Trackbacks – the hows and the whys – on PLoS journals’ articles

Just read it here, then bookmark it for the next time you write a blog post about a PLoS paper…

Today’s carnivals

Scientia Pro Publica 3: the Swine ‘flu Edition is up on Deep Thoughts and Silliness
Carnival of the Blue 24 is up on Monterey Bay Aquarium’s SeaNotes

Clock Quotes

The more important the title, the more self-important the person, the greater the amount of time spent on the Eastern shuttle, the more suspicious the man and the less vitality in the organization.
– Jane O’Reilly

My picks from ScienceDaily

Dolphins Maintain Round-the-clock Visual Vigilance:

Dolphins have a clever trick for overcoming sleep deprivation. Sam Ridgway from the US Navy Marine Mammal Program explains that they are able to send half of their brains to sleep while the other half remains conscious. What is more, the mammals seem to be able to remain continually vigilant for sounds for days on end. All of this made Ridgway and his colleagues from San Diego and Tel Aviv wonder whether the dolphins’ unrelenting auditory vigilance tired them and took a toll on the animals’ other senses?

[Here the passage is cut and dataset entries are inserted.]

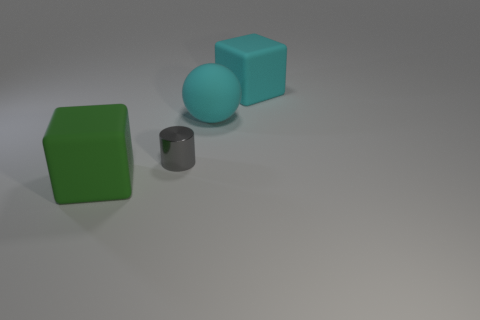Add 1 big blue metallic objects. How many objects exist? 5 Subtract all spheres. How many objects are left? 3 Add 4 green matte things. How many green matte things exist? 5 Subtract 1 cyan balls. How many objects are left? 3 Subtract all large blocks. Subtract all matte blocks. How many objects are left? 0 Add 4 cyan things. How many cyan things are left? 6 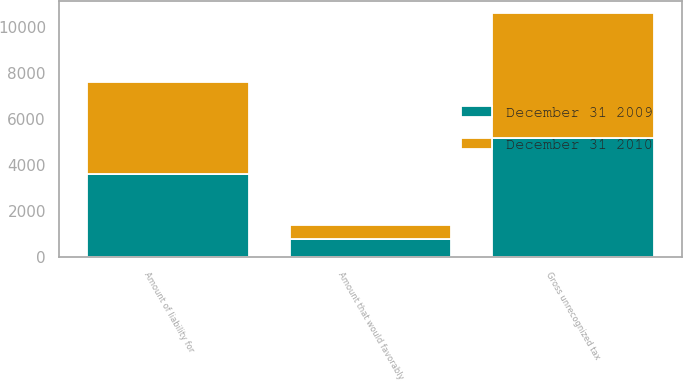<chart> <loc_0><loc_0><loc_500><loc_500><stacked_bar_chart><ecel><fcel>Gross unrecognized tax<fcel>Amount that would favorably<fcel>Amount of liability for<nl><fcel>December 31 2009<fcel>5169<fcel>785<fcel>3605<nl><fcel>December 31 2010<fcel>5410<fcel>618<fcel>4007<nl></chart> 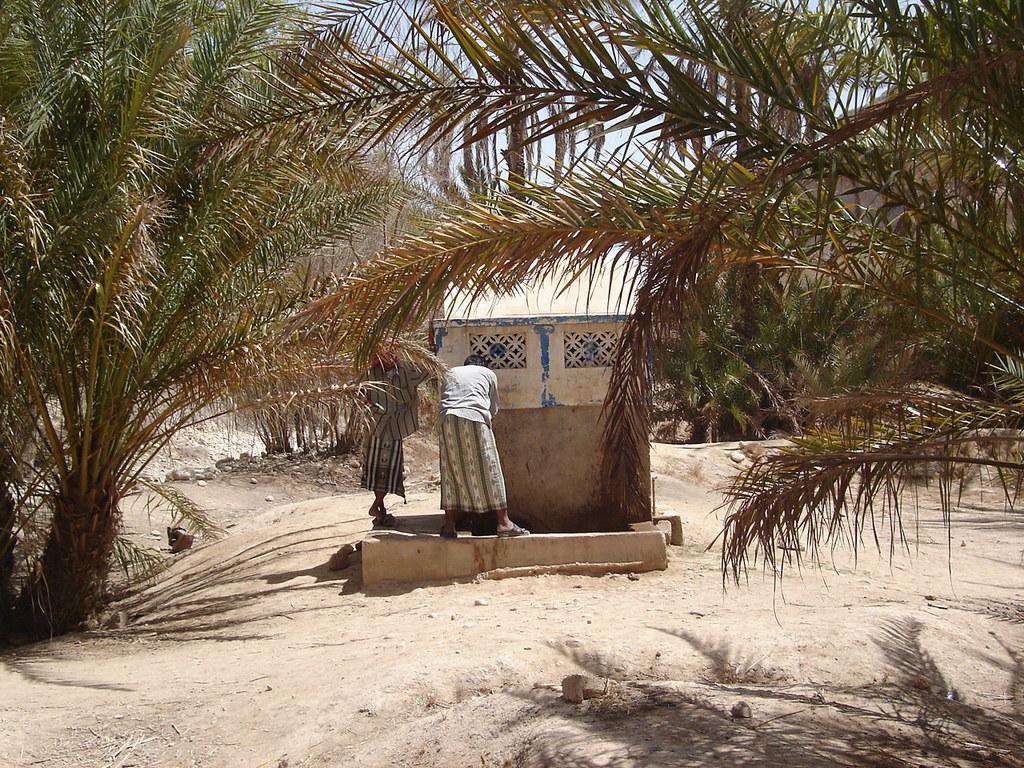Describe this image in one or two sentences. Two people are standing, there are trees and this is mud ground. 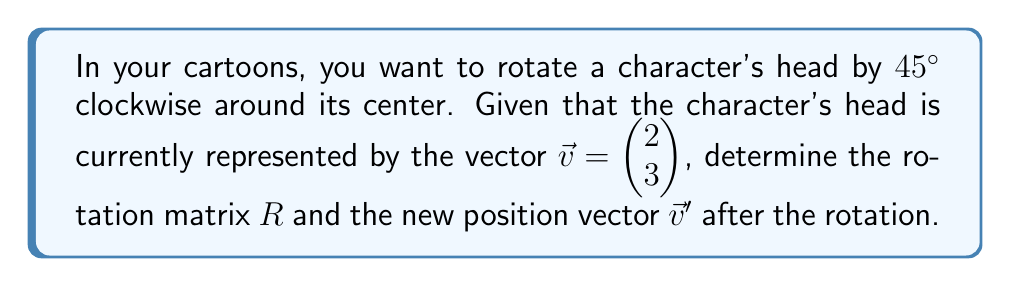Help me with this question. 1. The rotation matrix for a clockwise rotation by angle $\theta$ is given by:

   $$R = \begin{pmatrix} \cos\theta & \sin\theta \\ -\sin\theta & \cos\theta \end{pmatrix}$$

2. For a 45° rotation, $\theta = 45° = \frac{\pi}{4}$ radians. We know that:
   
   $\cos\frac{\pi}{4} = \sin\frac{\pi}{4} = \frac{\sqrt{2}}{2}$

3. Substituting these values into the rotation matrix:

   $$R = \begin{pmatrix} \frac{\sqrt{2}}{2} & \frac{\sqrt{2}}{2} \\ -\frac{\sqrt{2}}{2} & \frac{\sqrt{2}}{2} \end{pmatrix}$$

4. To find the new position vector $\vec{v}'$, we multiply $R$ by $\vec{v}$:

   $$\vec{v}' = R\vec{v} = \begin{pmatrix} \frac{\sqrt{2}}{2} & \frac{\sqrt{2}}{2} \\ -\frac{\sqrt{2}}{2} & \frac{\sqrt{2}}{2} \end{pmatrix} \begin{pmatrix} 2 \\ 3 \end{pmatrix}$$

5. Performing the matrix multiplication:

   $$\vec{v}' = \begin{pmatrix} \frac{\sqrt{2}}{2}(2) + \frac{\sqrt{2}}{2}(3) \\ -\frac{\sqrt{2}}{2}(2) + \frac{\sqrt{2}}{2}(3) \end{pmatrix} = \begin{pmatrix} \frac{5\sqrt{2}}{2} \\ \frac{\sqrt{2}}{2} \end{pmatrix}$$
Answer: $R = \begin{pmatrix} \frac{\sqrt{2}}{2} & \frac{\sqrt{2}}{2} \\ -\frac{\sqrt{2}}{2} & \frac{\sqrt{2}}{2} \end{pmatrix}$, $\vec{v}' = \begin{pmatrix} \frac{5\sqrt{2}}{2} \\ \frac{\sqrt{2}}{2} \end{pmatrix}$

Dietary Fats Trigger Long-term Memory Formation:

Having strong memories of that rich, delicious dessert you ate last night? If so, you shouldn’t feel like a glutton. It’s only natural. UC Irvine researchers have found that eating fat-rich foods triggers the formation of long-term memories of that activity. The study adds to their recent work linking dietary fats to appetite control and may herald new approaches for treating obesity and other eating disorders.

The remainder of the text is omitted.